Drummer from another Mother

The Moog DFAM – AKA Drummer from another Mother – The best (non) drum machine you can add to your arsenal – Ahhh, my second synth. Bought it brand new as soon as it hit the market. As a former percussionist it had to be mine. I’d stop at nothing simply because it had drummer in the name. What a brilliant name too – The Moog DFAM (Drummer from another Mother). Their marketing people really did an excellent job of naming this whole family based, semi-modular run they’ve been releasing the last few years.


But good Lord, is this thing from another mother entirely. I’d call it more of a percussion machine, rather than a drum one.

Again, the patch bay on this one is indispensable. I happen to own a super awesome module (thanks to Abe over at AI Synthesis!) That allows me to run pedals through it. With a little delay patched in correctly it makes the DFAM a whole new beast.



The patch bay is also a welcome luxury on the Moog DFAM, I’d say. It’s not necessarily it’s calling card but you can certainly use it to your advantage. That said, let’s get into the heart of this device.

Sporting 16 knobs, creating beats and melodies on the DFAM is a breeze. The top row is your sounding note, the bottom being the velocity of said note. Turn the pitch knob left, it gets bassier. Turn it right to increase pitch. Same idea with the velocity; Left is quiet, right is max volume.

Try using the dust cover cards upon first purchase to allow you to really learn the ins and outs. Hell, I still use mine. After you’re comfortable, begin tweaking from these standards and you’ll find you can make Trent Reznor industrial tunes, to bird songs. It’s very versatile.

Never have I had an easier time syncing instruments together than with the DFAM. Thanks to it’s ADV/CLOCK jack, you can sync it via CV rather than MIDI. MIDI sync always f**ks me up for some reason I cannot place my finger on, so having a direct line for sync is icing on this already badass cake.

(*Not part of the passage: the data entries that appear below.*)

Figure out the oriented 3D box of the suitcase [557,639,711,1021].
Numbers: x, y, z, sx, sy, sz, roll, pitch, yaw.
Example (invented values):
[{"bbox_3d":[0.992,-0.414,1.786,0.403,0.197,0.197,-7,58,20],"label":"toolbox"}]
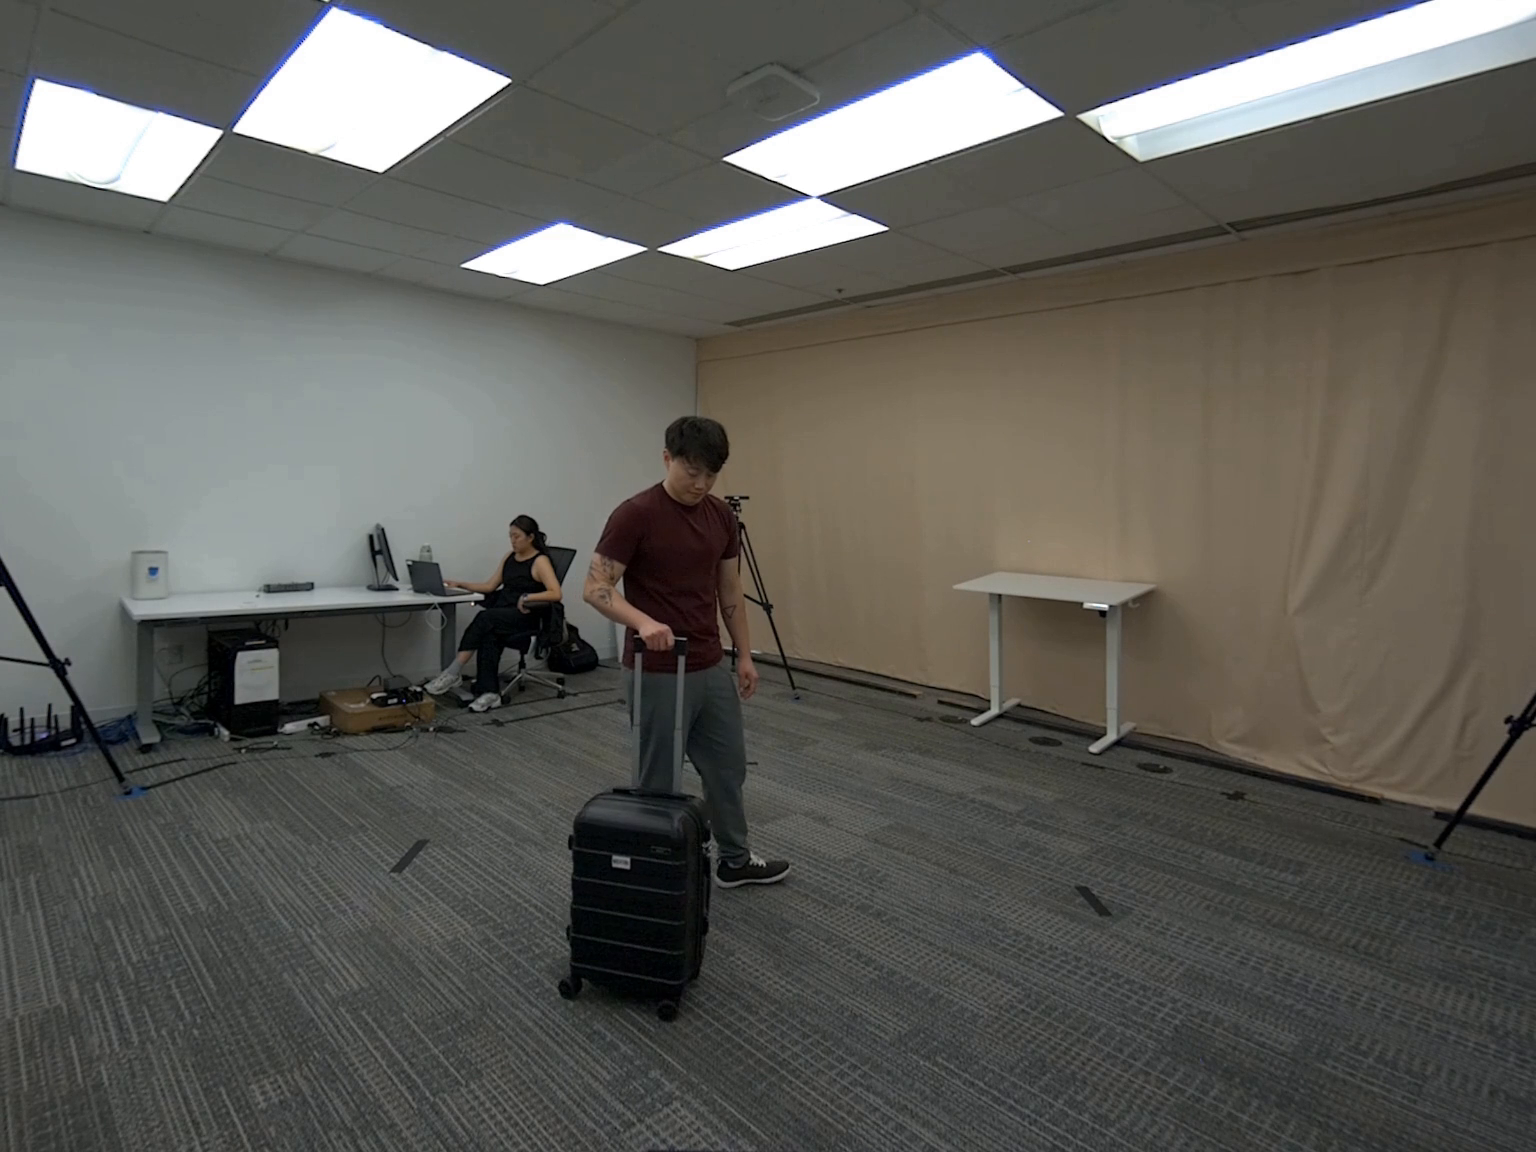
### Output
[{"bbox_3d":[-0.363,0.693,2.354,0.388,0.975,0.255,3,5,14],"label":"suitcase"}]
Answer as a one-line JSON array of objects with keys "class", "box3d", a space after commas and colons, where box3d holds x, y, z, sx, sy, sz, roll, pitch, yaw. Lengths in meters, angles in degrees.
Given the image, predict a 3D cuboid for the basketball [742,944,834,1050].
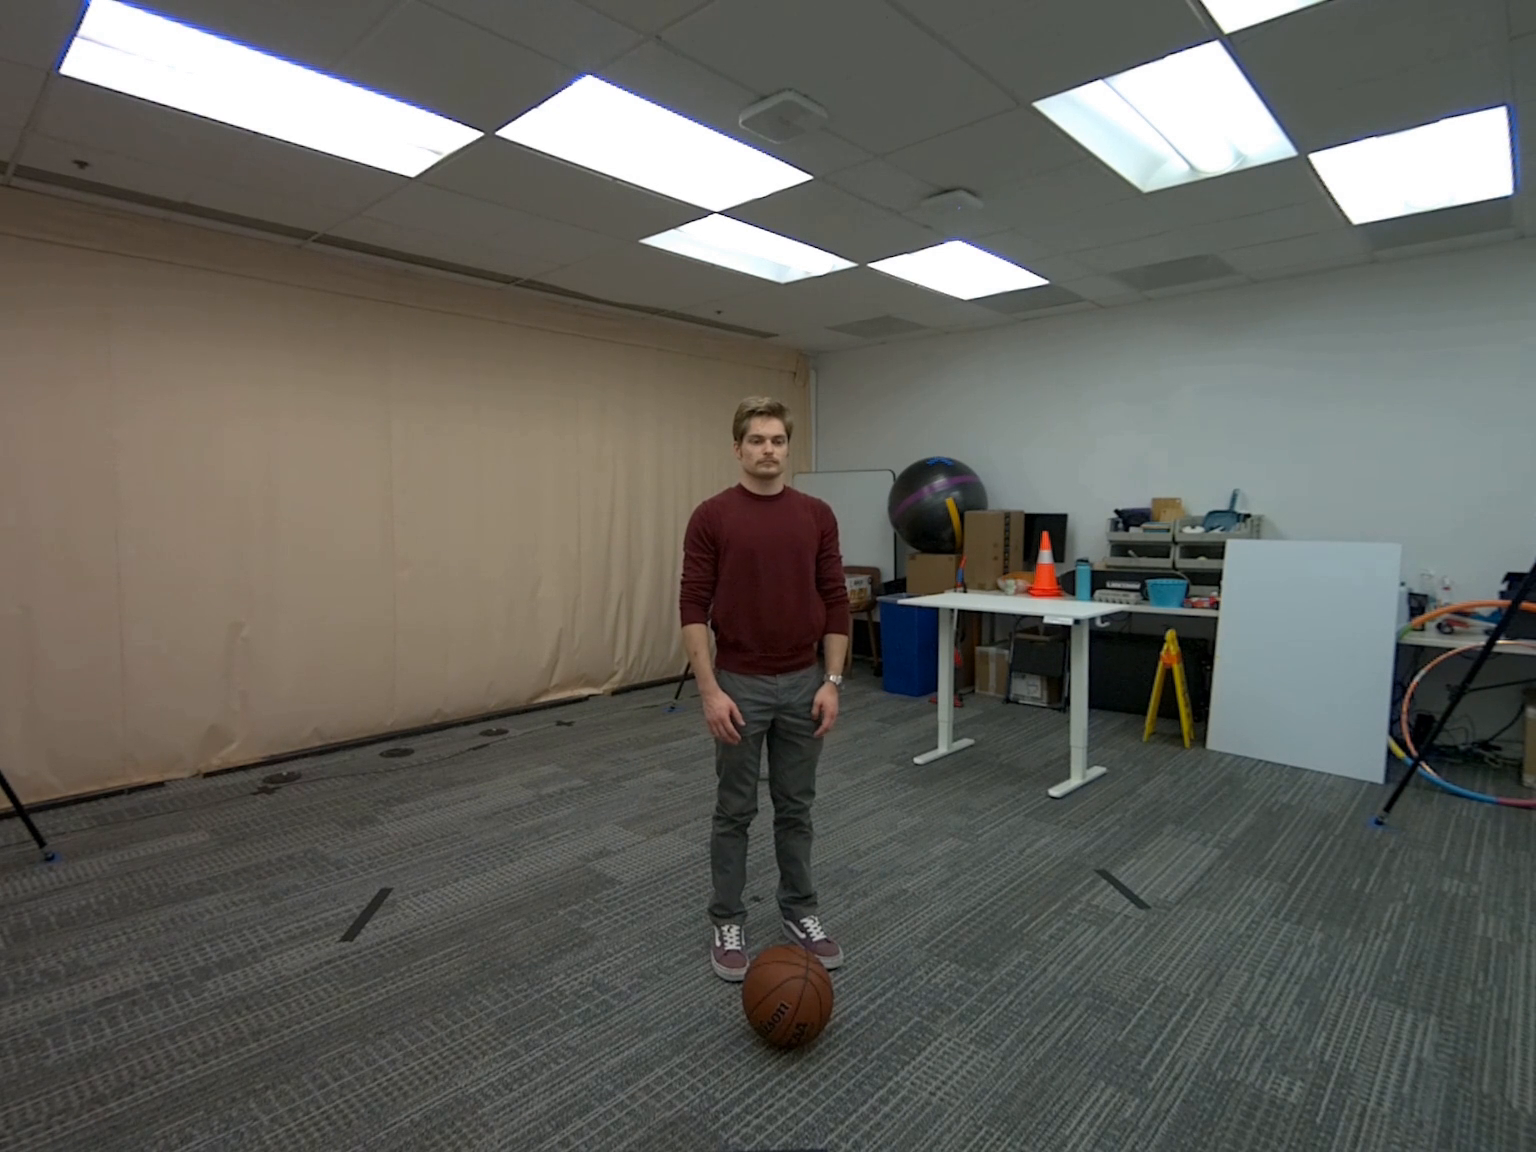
[{"class": "basketball", "box3d": [0.047, 1.081, 2.201, 0.236, 0.235, 0.237, 0, 4, -2]}]

And this thing groooves. It always finds the pocket and stays there, based on how you programmed it. It’s a perfect first synth for those investigating modular synthesis due to it’s overall simplicity. Not to say you can’t get complicated with it, but the patch bay is small and approachable. The adjustment knobs speak for themselves and alter the sounding of notes with ease.

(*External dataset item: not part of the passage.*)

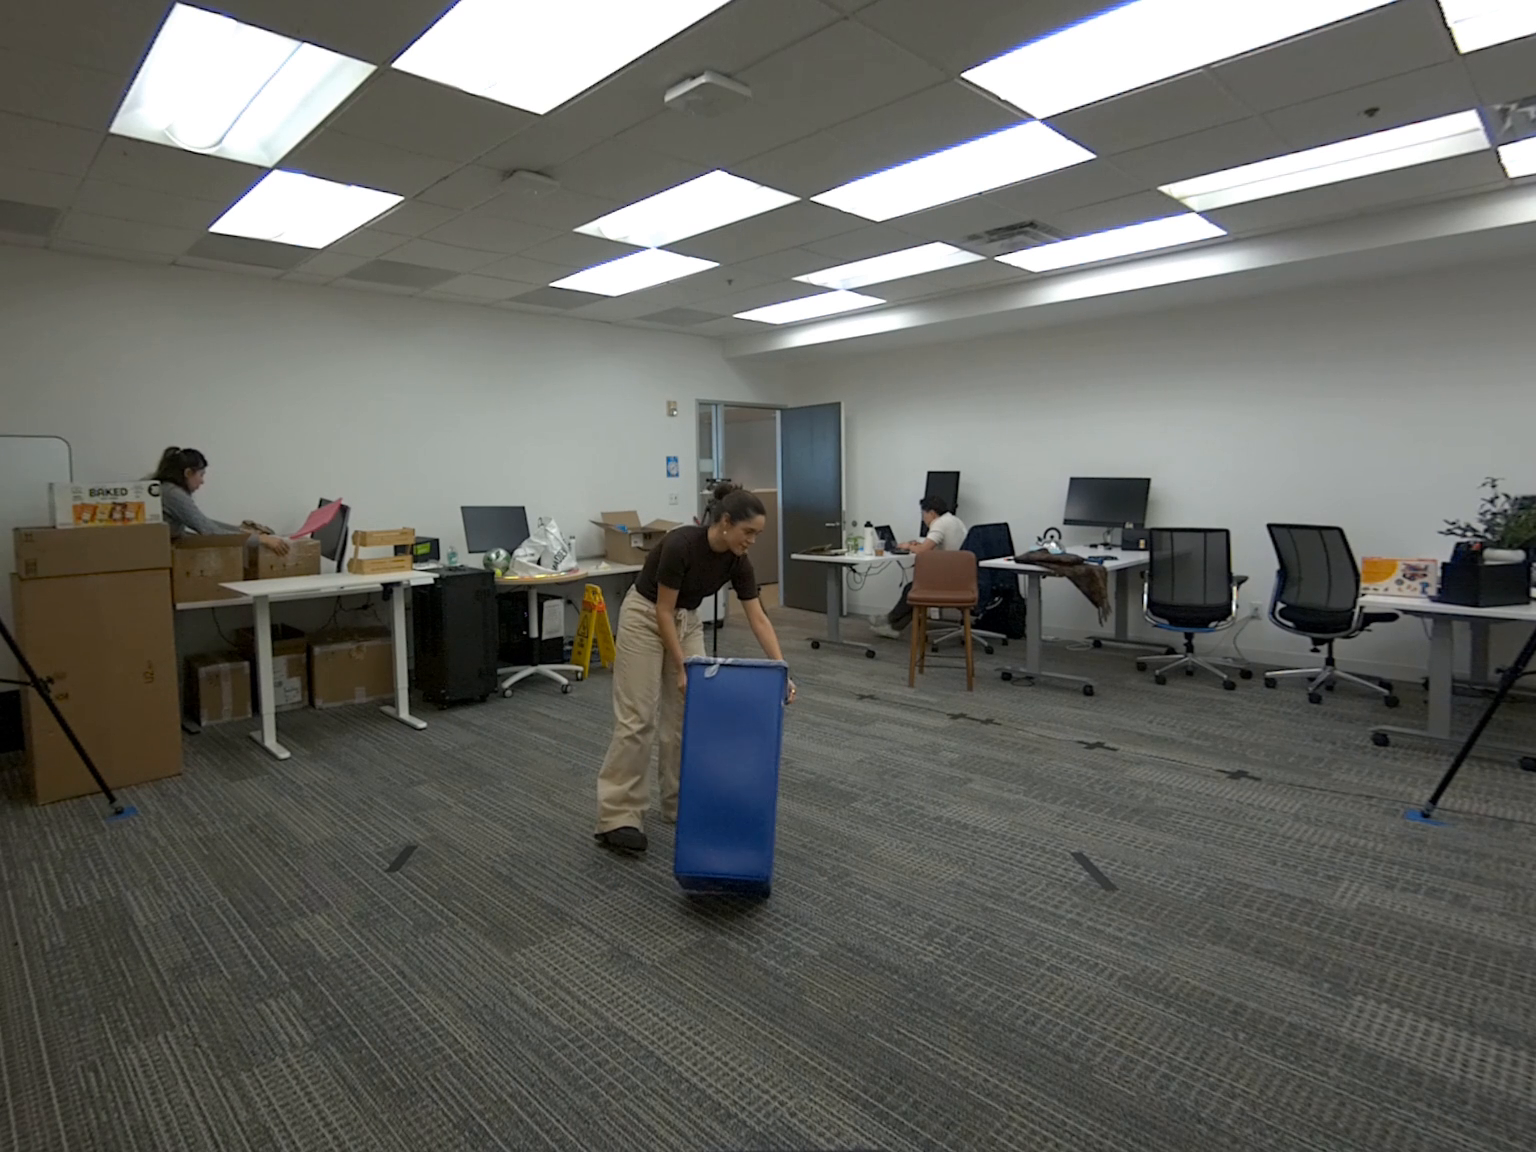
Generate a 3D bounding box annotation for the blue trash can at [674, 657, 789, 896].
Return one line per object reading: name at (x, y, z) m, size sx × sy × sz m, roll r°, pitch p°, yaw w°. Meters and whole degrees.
blue trash can at (-0.125, 0.688, 2.943) m, size 0.379 × 0.729 × 0.365 m, roll 3°, pitch -29°, yaw 2°

The DFAM along with the Volca sample is my current way of providing a solid backbone to whatever else I’m creating around them. At first glance you may think, why two drum machines? It’s because the DFAM is so much more, then the sample can back up the melodic rhythms generated with more ‘traditional’ drum sounds.

There’s only so much you can talk about the DFAM. It needs to be touched, finessed. Go to a Guitar Center and try one out. You’ll see what I mean.

Your rhythms will never be the same with this beastly melodic percussion machine. I highly recommend grabbing this Moog. And make sure to get it used. It’s not worth the MSRP of $600, but well worth spending $400-500 on.